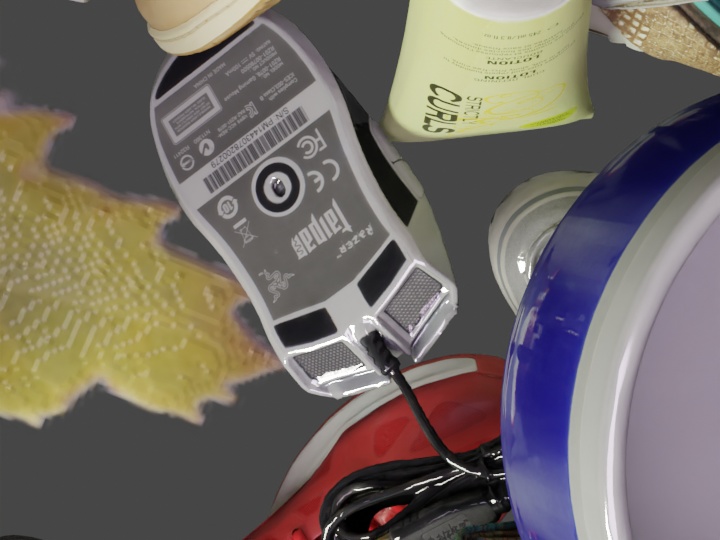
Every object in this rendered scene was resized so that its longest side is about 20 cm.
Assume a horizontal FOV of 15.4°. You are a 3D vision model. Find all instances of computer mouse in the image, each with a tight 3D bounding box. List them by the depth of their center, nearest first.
[{"bbox_3d":[0.000,0.000,0.882,0.110,0.044,0.200,-34,74,21],"label":"computer mouse"}]

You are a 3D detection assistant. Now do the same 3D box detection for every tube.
[{"bbox_3d":[0.043,-0.070,0.824,0.058,0.200,0.052,34,80,7],"label":"tube"}]

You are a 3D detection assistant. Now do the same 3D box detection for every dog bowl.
[{"bbox_3d":[0.144,0.043,0.768,0.200,0.079,0.201,-2,97,-20],"label":"dog bowl"}]

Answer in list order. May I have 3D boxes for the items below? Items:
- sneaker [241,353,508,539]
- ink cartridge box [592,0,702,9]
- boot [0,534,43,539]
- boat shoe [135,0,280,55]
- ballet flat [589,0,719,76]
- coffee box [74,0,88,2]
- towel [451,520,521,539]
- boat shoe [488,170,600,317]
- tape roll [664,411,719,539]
[{"bbox_3d":[-0.012,0.117,0.914,0.200,0.116,0.078,-42,106,12],"label":"sneaker"},{"bbox_3d":[0.093,-0.198,0.795,0.147,0.083,0.200,41,79,-15],"label":"ink cartridge box"},{"bbox_3d":[-0.134,0.199,0.904,0.069,0.174,0.200,6,108,-5],"label":"boot"},{"bbox_3d":[-0.032,-0.122,0.805,0.069,0.200,0.074,48,65,-9],"label":"boat shoe"},{"bbox_3d":[0.067,-0.123,0.874,0.200,0.071,0.065,46,128,-13],"label":"ballet flat"},{"bbox_3d":[-0.096,-0.196,0.807,0.080,0.114,0.200,12,107,-5],"label":"coffee box"},{"bbox_3d":[0.022,0.145,0.900,0.022,0.147,0.200,53,123,22],"label":"towel"},{"bbox_3d":[0.125,0.045,0.921,0.072,0.069,0.200,-41,106,10],"label":"boat shoe"},{"bbox_3d":[0.176,0.096,0.852,0.200,0.048,0.201,-2,97,-19],"label":"tape roll"}]
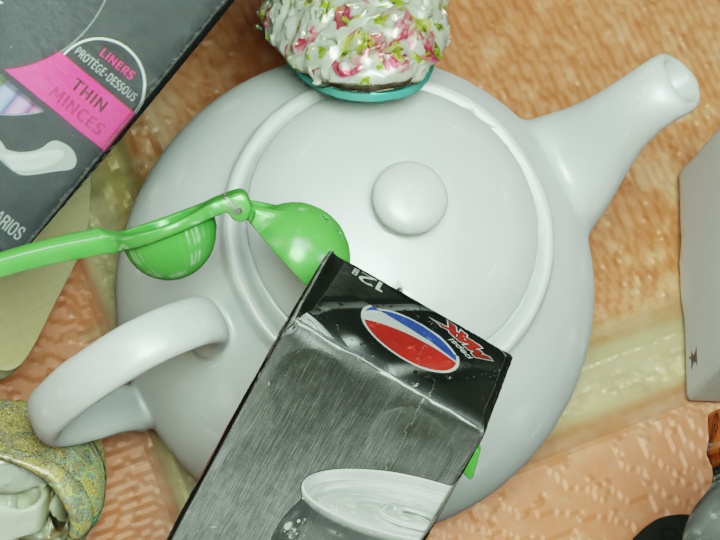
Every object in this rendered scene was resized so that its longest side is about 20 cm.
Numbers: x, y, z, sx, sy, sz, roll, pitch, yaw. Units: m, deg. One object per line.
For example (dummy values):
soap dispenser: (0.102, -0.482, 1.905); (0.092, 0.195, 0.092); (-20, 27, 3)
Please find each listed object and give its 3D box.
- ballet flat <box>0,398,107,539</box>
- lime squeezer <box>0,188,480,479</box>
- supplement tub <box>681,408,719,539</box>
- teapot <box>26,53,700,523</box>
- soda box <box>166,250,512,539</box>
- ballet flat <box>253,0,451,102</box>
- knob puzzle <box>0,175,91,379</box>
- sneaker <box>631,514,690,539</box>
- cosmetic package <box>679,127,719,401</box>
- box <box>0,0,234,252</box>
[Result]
ballet flat: (-0.189, 0.077, 0.763); (0.198, 0.071, 0.071); (3, 71, -12)
lime squeezer: (-0.049, 0.005, 0.693); (0.199, 0.038, 0.071); (16, 113, -7)
supplement tub: (0.170, 0.144, 0.707); (0.122, 0.123, 0.202); (0, 80, -10)
teapot: (0.000, 0.000, 0.786); (0.196, 0.146, 0.201); (18, 70, -4)
soda box: (-0.030, 0.100, 0.674); (0.070, 0.063, 0.201); (29, 112, 2)
ballet flat: (-0.004, -0.120, 0.809); (0.075, 0.200, 0.064); (-2, 111, -2)
knob puzzle: (-0.185, -0.042, 0.791); (0.218, 0.030, 0.221); (15, 59, -26)
sneaker: (0.073, 0.137, 0.741); (0.104, 0.060, 0.200); (45, 41, -20)
cosmetic package: (0.235, 0.002, 0.868); (0.198, 0.071, 0.102); (4, 72, -9)
box: (-0.098, -0.122, 0.732); (0.122, 0.106, 0.200); (39, 95, -9)
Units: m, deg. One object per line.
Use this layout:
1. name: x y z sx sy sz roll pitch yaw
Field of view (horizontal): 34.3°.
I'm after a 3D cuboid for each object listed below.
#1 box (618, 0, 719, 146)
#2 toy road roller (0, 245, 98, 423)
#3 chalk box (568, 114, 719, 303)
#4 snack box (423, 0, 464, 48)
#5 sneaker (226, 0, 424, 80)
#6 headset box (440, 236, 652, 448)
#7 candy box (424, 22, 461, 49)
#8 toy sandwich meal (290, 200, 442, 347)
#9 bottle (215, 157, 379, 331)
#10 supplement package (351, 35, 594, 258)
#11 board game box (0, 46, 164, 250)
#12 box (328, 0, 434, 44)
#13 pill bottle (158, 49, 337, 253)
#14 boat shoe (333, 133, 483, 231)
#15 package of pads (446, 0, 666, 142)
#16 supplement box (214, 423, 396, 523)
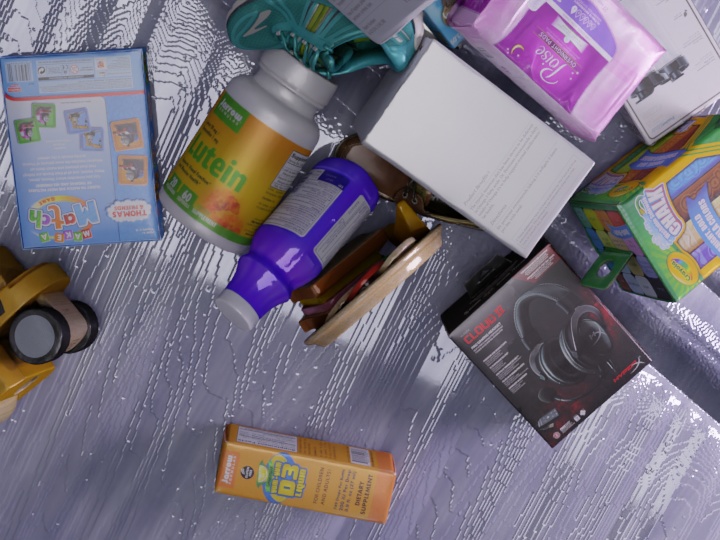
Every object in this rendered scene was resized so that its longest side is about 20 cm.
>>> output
1. box: 0.290 -0.246 1.215 0.116 0.060 0.201 -35 103 6
2. toy road roller: -0.388 0.065 1.235 0.200 0.123 0.146 -41 88 7
3. chalk box: 0.307 -0.054 1.210 0.199 0.125 0.125 -37 103 -9
4. snack box: 0.121 -0.327 1.126 0.200 0.037 0.116 -45 113 -1
5. sneaker: -0.039 -0.224 1.099 0.197 0.078 0.081 4 66 20
6. headset box: 0.195 0.067 1.281 0.149 0.077 0.200 -41 104 8
7. candy box: 0.015 -0.321 1.177 0.197 0.072 0.170 7 103 -4
8. toy sandwich meal: 0.000 0.000 1.197 0.205 0.205 0.070 -41 90 7
9. bottle: -0.066 -0.027 1.186 0.201 0.083 0.066 -51 128 -21
10. supplement package: 0.106 -0.125 1.139 0.199 0.117 0.117 35 100 -13
11. board game box: -0.291 -0.128 1.229 0.149 0.037 0.203 -3 104 -2
12. box: 0.035 -0.333 0.968 0.171 0.200 0.200 39 78 -11
13. pill bottle: -0.111 -0.129 1.199 0.110 0.111 0.201 33 100 -10
14. boat shoe: 0.068 -0.096 1.238 0.197 0.068 0.073 16 103 -6
15. package of pads: 0.188 -0.226 1.122 0.199 0.076 0.121 34 96 -29
16. supplement box: -0.063 0.228 1.314 0.197 0.069 0.067 11 101 -3
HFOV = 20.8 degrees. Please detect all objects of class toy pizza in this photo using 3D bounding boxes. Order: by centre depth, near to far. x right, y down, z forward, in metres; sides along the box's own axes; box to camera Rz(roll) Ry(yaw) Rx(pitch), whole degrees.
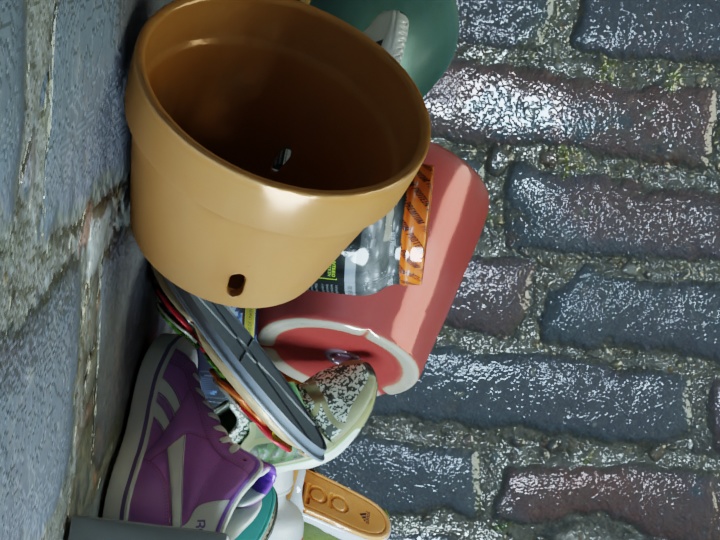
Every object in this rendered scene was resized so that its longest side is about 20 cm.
[{"bbox_3d":[-0.096,0.068,1.460,0.200,0.032,0.200,52,2,-2],"label":"toy pizza"}]

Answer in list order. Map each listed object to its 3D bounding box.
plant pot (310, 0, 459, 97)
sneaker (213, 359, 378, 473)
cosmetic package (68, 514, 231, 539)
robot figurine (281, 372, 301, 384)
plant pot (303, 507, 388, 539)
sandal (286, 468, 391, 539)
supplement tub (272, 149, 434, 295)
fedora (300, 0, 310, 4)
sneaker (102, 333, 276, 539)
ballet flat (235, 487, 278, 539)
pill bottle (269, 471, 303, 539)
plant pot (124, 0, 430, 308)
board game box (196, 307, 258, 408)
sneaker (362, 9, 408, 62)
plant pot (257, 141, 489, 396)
[{"bbox_3d":[-0.023,-0.207,1.839,0.161,0.200,0.201,-61,159,-54],"label":"plant pot"},{"bbox_3d":[-0.078,0.122,1.596,0.077,0.200,0.089,56,-9,38],"label":"sneaker"},{"bbox_3d":[-0.134,0.224,1.305,0.200,0.107,0.090,83,13,-70],"label":"cosmetic package"},{"bbox_3d":[-0.059,0.085,1.848,0.200,0.058,0.145,28,68,-87],"label":"robot figurine"},{"bbox_3d":[-0.068,0.296,1.969,0.200,0.184,0.201,7,90,-87],"label":"plant pot"},{"bbox_3d":[-0.053,0.198,1.886,0.059,0.206,0.079,-57,-162,34],"label":"sandal"},{"bbox_3d":[-0.045,-0.046,1.544,0.123,0.200,0.123,7,90,-87],"label":"supplement tub"},{"bbox_3d":[-0.077,-0.273,1.500,0.201,0.082,0.201,10,90,-79],"label":"fedora"},{"bbox_3d":[-0.114,0.128,1.424,0.201,0.114,0.073,-83,176,-47],"label":"sneaker"},{"bbox_3d":[-0.133,0.246,1.549,0.200,0.068,0.068,-54,172,-34],"label":"ballet flat"},{"bbox_3d":[-0.110,0.266,1.802,0.112,0.112,0.200,-70,166,-78],"label":"pill bottle"},{"bbox_3d":[-0.069,-0.070,1.303,0.200,0.200,0.140,-81,-169,-49],"label":"plant pot"},{"bbox_3d":[-0.112,0.013,1.794,0.165,0.057,0.200,-82,177,-68],"label":"board game box"},{"bbox_3d":[-0.052,-0.170,1.718,0.199,0.129,0.080,-50,-160,42],"label":"sneaker"},{"bbox_3d":[0.000,0.000,1.684,0.200,0.200,0.178,90,12,-63],"label":"plant pot"}]
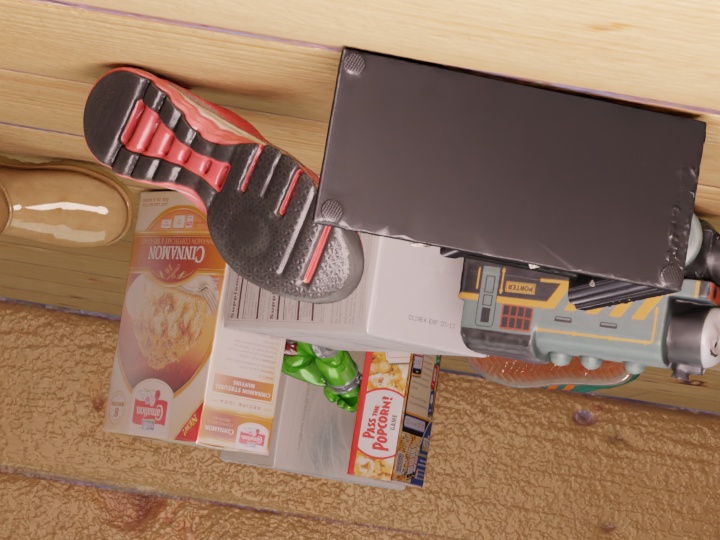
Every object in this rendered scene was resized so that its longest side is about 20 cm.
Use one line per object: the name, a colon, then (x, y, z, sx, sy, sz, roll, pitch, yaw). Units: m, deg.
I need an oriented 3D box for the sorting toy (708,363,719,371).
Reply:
sorting toy: (0.291, 0.058, 2.372, 0.184, 0.037, 0.200, 6, 169, 30)

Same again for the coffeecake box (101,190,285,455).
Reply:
coffeecake box: (-0.127, 0.040, 1.969, 0.073, 0.202, 0.153, 12, 173, -35)

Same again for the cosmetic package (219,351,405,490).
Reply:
cosmetic package: (-0.040, 0.147, 2.922, 0.199, 0.201, 0.123, 13, 174, -36)

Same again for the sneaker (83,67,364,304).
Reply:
sneaker: (-0.064, -0.056, 1.411, 0.200, 0.074, 0.087, 38, -160, 21)

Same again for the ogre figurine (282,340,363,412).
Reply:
ogre figurine: (-0.071, 0.043, 2.299, 0.098, 0.201, 0.120, -23, 162, -9)

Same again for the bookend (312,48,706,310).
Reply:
bookend: (0.063, -0.045, 1.350, 0.198, 0.093, 0.199, 11, 175, -9)

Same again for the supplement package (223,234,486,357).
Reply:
supplement package: (0.000, 0.000, 1.819, 0.113, 0.110, 0.199, 12, 173, -34)

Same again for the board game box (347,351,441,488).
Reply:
board game box: (0.040, 0.102, 2.333, 0.046, 0.202, 0.151, 8, 174, 13)

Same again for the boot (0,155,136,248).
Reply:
boot: (-0.276, -0.026, 1.815, 0.174, 0.067, 0.200, 9, -159, 10)

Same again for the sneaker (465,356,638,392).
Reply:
sneaker: (0.219, 0.105, 2.750, 0.198, 0.072, 0.080, 6, 169, 20)

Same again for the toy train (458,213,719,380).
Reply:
toy train: (0.157, 0.010, 1.642, 0.199, 0.115, 0.085, 7, 175, 21)

**WORK ORDER:**
Within the listing above, copy exactly the lines that start at the one with "- boat shoe [135,0,280,55]" and continue through the one with "- box <box>0,0,234,252</box>". Omit pictures.

**EXERCISE ANSWER:**
- boat shoe [135,0,280,55]
- ballet flat [589,0,719,76]
- coffee box [74,0,88,2]
- towel [451,520,521,539]
- boat shoe [488,170,600,317]
- tape roll [664,411,719,539]
[{"bbox_3d":[-0.012,0.117,0.914,0.200,0.116,0.078,-42,106,12],"label":"sneaker"},{"bbox_3d":[0.093,-0.198,0.795,0.147,0.083,0.200,41,79,-15],"label":"ink cartridge box"},{"bbox_3d":[-0.134,0.199,0.904,0.069,0.174,0.200,6,108,-5],"label":"boot"},{"bbox_3d":[-0.032,-0.122,0.805,0.069,0.200,0.074,48,65,-9],"label":"boat shoe"},{"bbox_3d":[0.067,-0.123,0.874,0.200,0.071,0.065,46,128,-13],"label":"ballet flat"},{"bbox_3d":[-0.096,-0.196,0.807,0.080,0.114,0.200,12,107,-5],"label":"coffee box"},{"bbox_3d":[0.022,0.145,0.900,0.022,0.147,0.200,53,123,22],"label":"towel"},{"bbox_3d":[0.125,0.045,0.921,0.072,0.069,0.200,-41,106,10],"label":"boat shoe"},{"bbox_3d":[0.176,0.096,0.852,0.200,0.048,0.201,-2,97,-19],"label":"tape roll"}]
Every object in this rendered scene was resized so that its longest side is about 20 cm.
Numbers: x, y, z, sx, sy, sz, roll, pitch, yaw. Units: m, deg. One object per line.
For example (dummy values):
soap dispenser: (0.102, -0.482, 1.905); (0.092, 0.195, 0.092); (-20, 27, 3)
Please find each listed object and give its 3D box.
- ballet flat <box>0,398,107,539</box>
- lime squeezer <box>0,188,480,479</box>
- supplement tub <box>681,408,719,539</box>
- teapot <box>26,53,700,523</box>
- soda box <box>166,250,512,539</box>
- ballet flat <box>253,0,451,102</box>
- knob puzzle <box>0,175,91,379</box>
- sneaker <box>631,514,690,539</box>
- cosmetic package <box>679,127,719,401</box>
- box <box>0,0,234,252</box>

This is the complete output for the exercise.